Dr. Ami Carpenter
Ami Carpenter
Associate Professor
Joan B. Kroc School of Peace Studies, University of San Diego
San Diego, CA

Bio

Dr. Ami Carpenter is an associate professor at the Joan B. Kroc School of Peace Studies at the University of San Diego. She is the founding faculty member at the Kroc School where she teaches courses in conflict analysis, negotiation, and identity group conflict. Carpenter holds a Ph.D. from George Mason University and refers to herself as a "scholar-practitioner".

Her research agenda involves resilience to identity-group violence: how neighborhoods, counties, and organization partnerships prevent the presence and recruitment efforts of violent groups. She has studied community resilience to gang recruitment in the US, sectarian militias in Iraq, and armed groups in Mexico and Central America. From her scholarship of systems resilience, Carpenter gleans evidence-based practices and uses them to assist public-private-nonprofit partnerships tackling complex problems, most notably human trafficking.
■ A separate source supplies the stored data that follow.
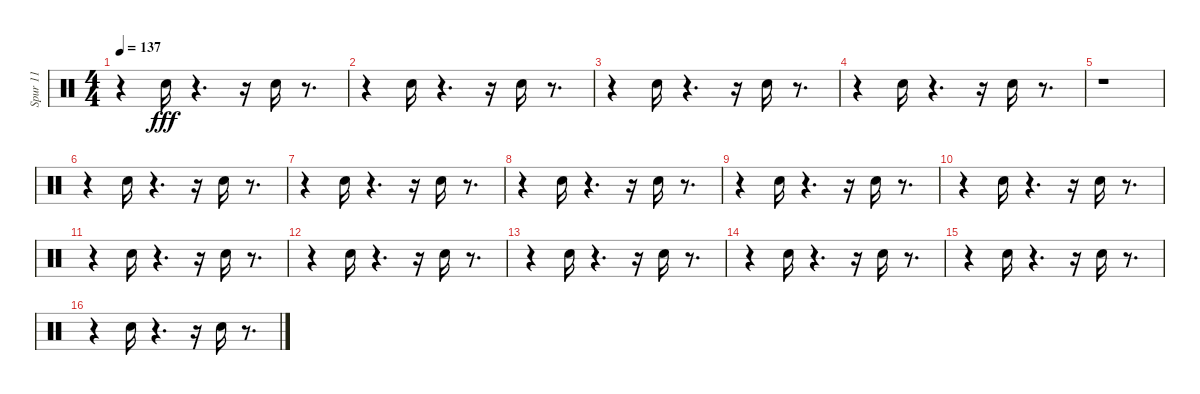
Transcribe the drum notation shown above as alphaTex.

\track ("Spur 11" "Spur 11") {instrument percussion}
\staff {score}
\articulation defaults
\ts (4 4)
\tempo 137
\clef neutral
\ks c
r.4{dy fff} "Snare (hit) 2".16 r.4{d} r.16 "Snare (hit) 2".16 r.8{d} |
r.4 "Snare (hit) 2".16 r.4{d} r.16 "Snare (hit) 2".16 r.8{d} |
r.4 "Snare (hit) 2".16 r.4{d} r.16 "Snare (hit) 2".16 r.8{d} |
r.4 "Snare (hit) 2".16 r.4{d} r.16 "Snare (hit) 2".16 r.8{d} |
r.1 |
r.4 "Snare (hit) 2".16 r.4{d} r.16 "Snare (hit) 2".16 r.8{d} |
r.4 "Snare (hit) 2".16 r.4{d} r.16 "Snare (hit) 2".16 r.8{d} |
r.4 "Snare (hit) 2".16 r.4{d} r.16 "Snare (hit) 2".16 r.8{d} |
r.4 "Snare (hit) 2".16 r.4{d} r.16 "Snare (hit) 2".16 r.8{d} |
r.4 "Snare (hit) 2".16 r.4{d} r.16 "Snare (hit) 2".16 r.8{d} |
r.4 "Snare (hit) 2".16 r.4{d} r.16 "Snare (hit) 2".16 r.8{d} |
r.4 "Snare (hit) 2".16 r.4{d} r.16 "Snare (hit) 2".16 r.8{d} |
r.4 "Snare (hit) 2".16 r.4{d} r.16 "Snare (hit) 2".16 r.8{d} |
r.4 "Snare (hit) 2".16 r.4{d} r.16 "Snare (hit) 2".16 r.8{d} |
r.4 "Snare (hit) 2".16 r.4{d} r.16 "Snare (hit) 2".16 r.8{d} |
r.4 "Snare (hit) 2".16 r.4{d} r.16 "Snare (hit) 2".16 r.8{d}

Dr. Carpenter has worked with the U.S. Institute of Peace since 2014, serving as a domain expert for the Countering Violent Extremism (CVE) Program and a research advisor to the Center for Applied Research on Conflict (ARC) on Resilience to Extremism studies in Kenya and Afghanistan. Most recently, Dr. Carpenter participated in RAND Corporation's study and Research Report “Countering Sectarianism in the Middle East” as the chapter author for Iraq. She currently serves on the board of NYU's Peace Research and Education Program, which facilitates innovation at the intersection of peacebuilding and higher education in Iraq and Colombia.